Л.М. Васильев писал о фикциях и в советские годы, и в наше время. Уже после смерти Лари Михайловича Васильева, в 2005 г., была опубликована его докторская диссертация, которая, все-таки в качестве таковой не защищалась, и, по-видимому, должна считаться монографией. В ней он отмечает, что: “Неопровержимая правовая презумпция – это закрепленное в правовой норме правило, предполагающее наличие или отсутствие факта, запрещающее их опровержение. К числу таких презумпций относятся, например, презумпция “неразумения” лиц, не достигших возраста уголовной ответственности. С логической точки зрения эта презумпция представляет собой то же индуктивное обобщение, представляющее ту или иную степень вероятности, пусть даже самую высокую. Однако как ни велика степень вероятности, это не достоверное знание. Совершенно очевидно, что эта презумпция в отдельных случаях могла бы быть опровергнута. Однако таких случаев так мало, что законодатель в интересах единообразного правового регулирования и создания максимальных гарантий охраны прав граждан пренебрегает такими случаями и не допускает опровержения презумпции. Многие советские ученые указывали на противоречие между принципом достижения истины (тогда такое требование и УПК РСФСР 1923 и УПК РСФСР 1960 гг. содержали) и неопровержимыми презумпциями и высказывали свое к ним отношение. Правда, высказывались и противоположные взгляды.

Мы считаем, что исключение из норм права неопровержимых презумпций значительно затруднило бы работу всей правоохранительной системы”[125].

Проф. Т.В. Кашанина в своем учебнике “Юридическая техника” пишет о юридических фикциях следующее: “Этот прием правотворческой техники встречается еще реже, нежели правовые презумпции. Его даже можно признать исключительным. Применение фикций связано с тем, что на практике встречаются настолько сложные жизненные ситуации, что крайне трудно установить их абсолютную достоверность. Здесь законодатель использует фикцию как прием правотворческой техники (своего рода ухищрение), для того чтобы добиться бесспорных решений. Примеры фикций:

- усыновление;

- признание гражданина безвестно отсутствующим, если он не дает о себе знать в течение года;

- признание гражданина умершим при отсутствии о нем сведений в течение пяти лет;

- снятие судимости;

- освобождение от уголовной ответственности при деятельном раскаянии и др.
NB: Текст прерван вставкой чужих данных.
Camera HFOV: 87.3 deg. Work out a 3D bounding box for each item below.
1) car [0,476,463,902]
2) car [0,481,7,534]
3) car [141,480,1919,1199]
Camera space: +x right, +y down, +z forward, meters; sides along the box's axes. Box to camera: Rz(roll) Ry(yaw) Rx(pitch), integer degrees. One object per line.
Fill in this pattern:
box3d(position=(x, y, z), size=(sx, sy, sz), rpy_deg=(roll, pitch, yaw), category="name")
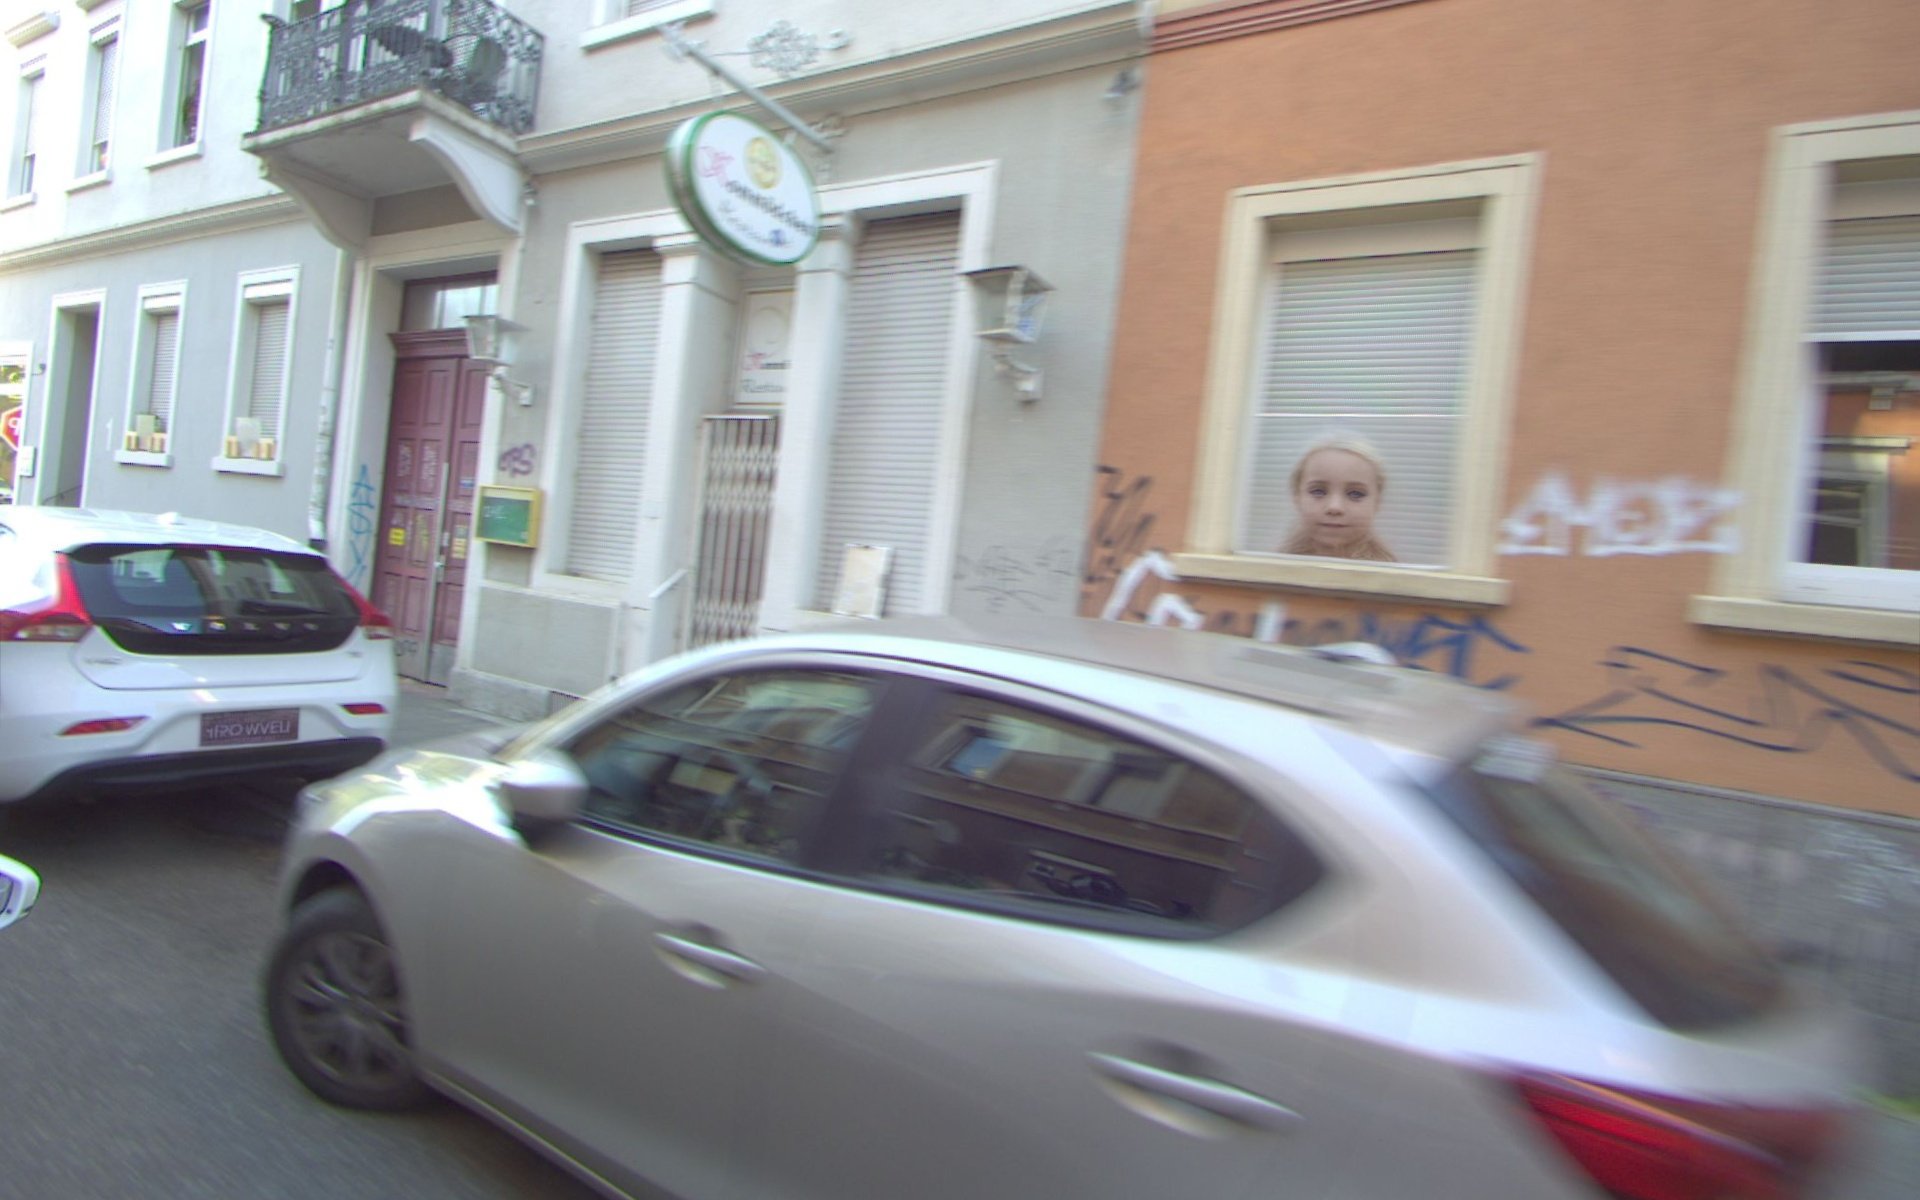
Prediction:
box3d(position=(-4.760, 0.195, 5.355), size=(4.119, 1.528, 1.683), rpy_deg=(7, -1, 31), category="car")
box3d(position=(-10.567, -0.532, 9.146), size=(3.724, 1.605, 1.640), rpy_deg=(7, -1, 30), category="car")
box3d(position=(-0.219, 0.727, 2.608), size=(4.122, 1.616, 1.681), rpy_deg=(7, -2, 34), category="car")

Правовая фикция - это не существующее положение, но в силу определенных обстоятельств признаваемое законодателем как реальное, существующее и ставшее в силу этого обязательным.

Фикция представляет собой еще более искусственный и произвольный технический прием, чем презумпция. Фикция - это способ формулирования права, при котором юридическая ситуация создается при незнании или явном и добровольном противоречии с конкретной естественной реальностью. Она определяет юридическую норму, которая станет обязательной для всех и будет защищать вымышленный факт от любого опротестования. Таким образом, фикция является юридическим образованием, противоречащим реальности, но сознательно используемым для достижения ряда юридических последствий или желаемых судебных решений. Можно сказать, что применение фикций ведет к закреплению вымысла в праве и является ложью во благо.
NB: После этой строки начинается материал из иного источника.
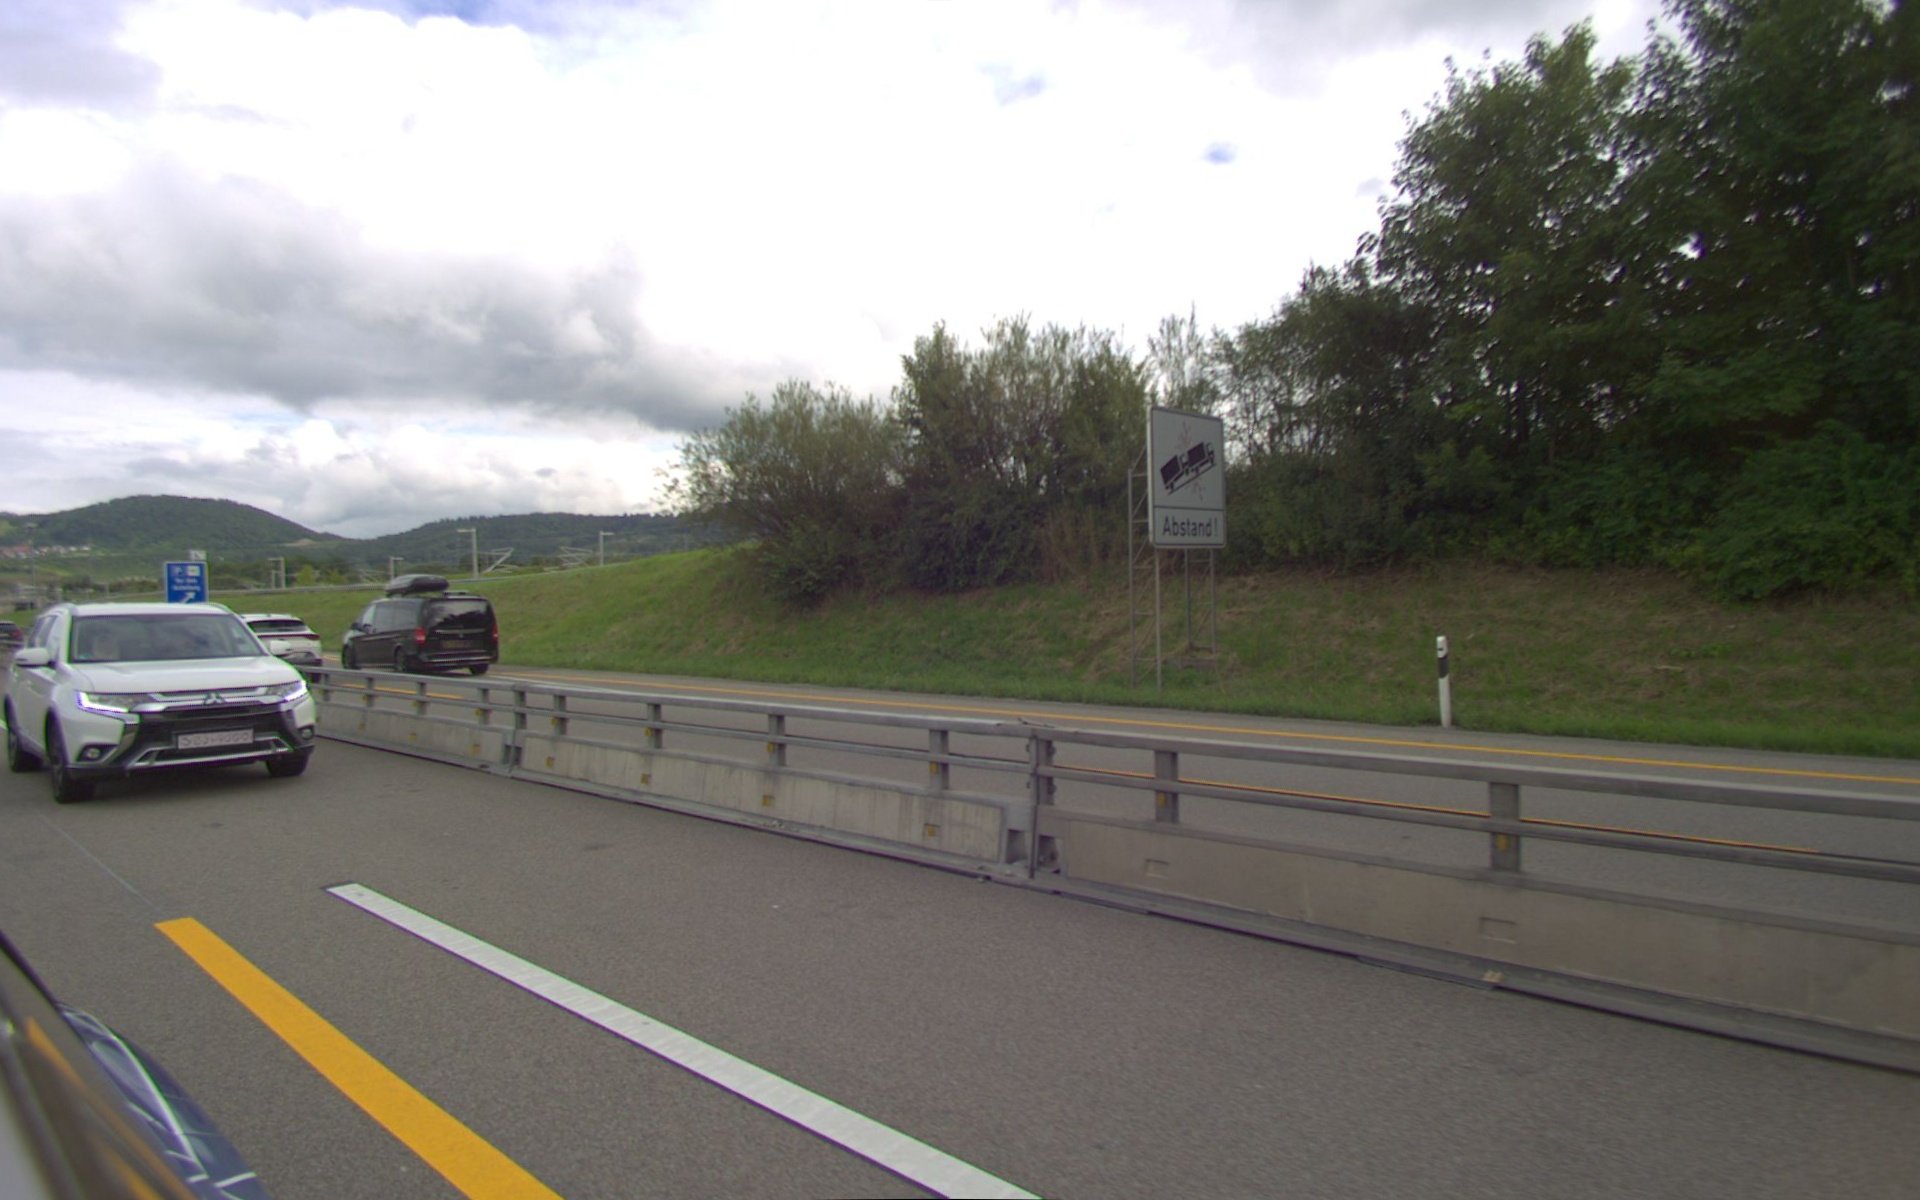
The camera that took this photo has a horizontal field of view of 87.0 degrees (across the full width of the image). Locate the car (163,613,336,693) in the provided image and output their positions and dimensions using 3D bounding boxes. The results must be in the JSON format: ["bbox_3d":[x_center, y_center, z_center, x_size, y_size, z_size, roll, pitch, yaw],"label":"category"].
[{"bbox_3d":[-15.496,1.086,21.982,4.666,1.532,1.973,-1,-1,41],"label":"car"}]

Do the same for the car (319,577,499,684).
[{"bbox_3d":[-13.030,0.681,23.783,5.045,2.270,1.974,-1,0,40],"label":"car"}]

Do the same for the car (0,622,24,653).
[{"bbox_3d":[-48.553,1.863,50.760,4.587,1.480,1.916,-2,-1,42],"label":"car"}]

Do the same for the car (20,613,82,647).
[{"bbox_3d":[-52.247,1.704,58.141,4.930,1.805,1.973,-1,0,40],"label":"car"}]

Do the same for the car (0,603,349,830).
[{"bbox_3d":[-7.692,0.887,9.620,4.605,1.640,1.972,-1,-1,42],"label":"car"}]

Законодатель вводит фикции в нормативные акты не от хорошей жизни. Другие способы урегулирования правовой ситуации, которая имеет большую степень неизвестности, являются настолько дорогостоящими (по времени или материальным затратам), что становятся неэффективными. Фикции - это "спасательный круг", который бросает законодатель правоприменителю, ответственному за разрешение конкретных правовых ситуаций[126].

В гражданском процессе применяется следующее правило: судебная повестка направляется по прежнему месту жительства при отсутствии сообщения о перемене места жительства, хотя суду достоверно известно, что ответчик там не проживает, и повестка до адресата не дойдет. В самом деле, не объявлять же всероссийский розыск, чтобы обеспечить присутствие ответчика, например, при рассмотрении дела о расторжении брака. Это потребует значительных общественных затрат, да и время растянется надолго.

Смысл фикции всегда выражается словами "как бы", "как если бы", "допустим". Но в отличие от презумпций этот вымысел неопровержим. Фикция всегда императивна. Вот два примера фикций, которые приводит в своей статье известный процессуалист И. Зайцев[127].

Если сторона удерживает и не представляет письменное или вещественное доказательство, предполагается, что сведения, в нем содержащиеся, направлены против интересов этой стороны и считаются ею признанными (хотя это не доказано).

Если сторона уклоняется от проведения экспертизы и без нее экспертизу провести невозможно, суд вправе признать этот факт (для установления которого нужна была экспертиза) установленным или опровергнутым.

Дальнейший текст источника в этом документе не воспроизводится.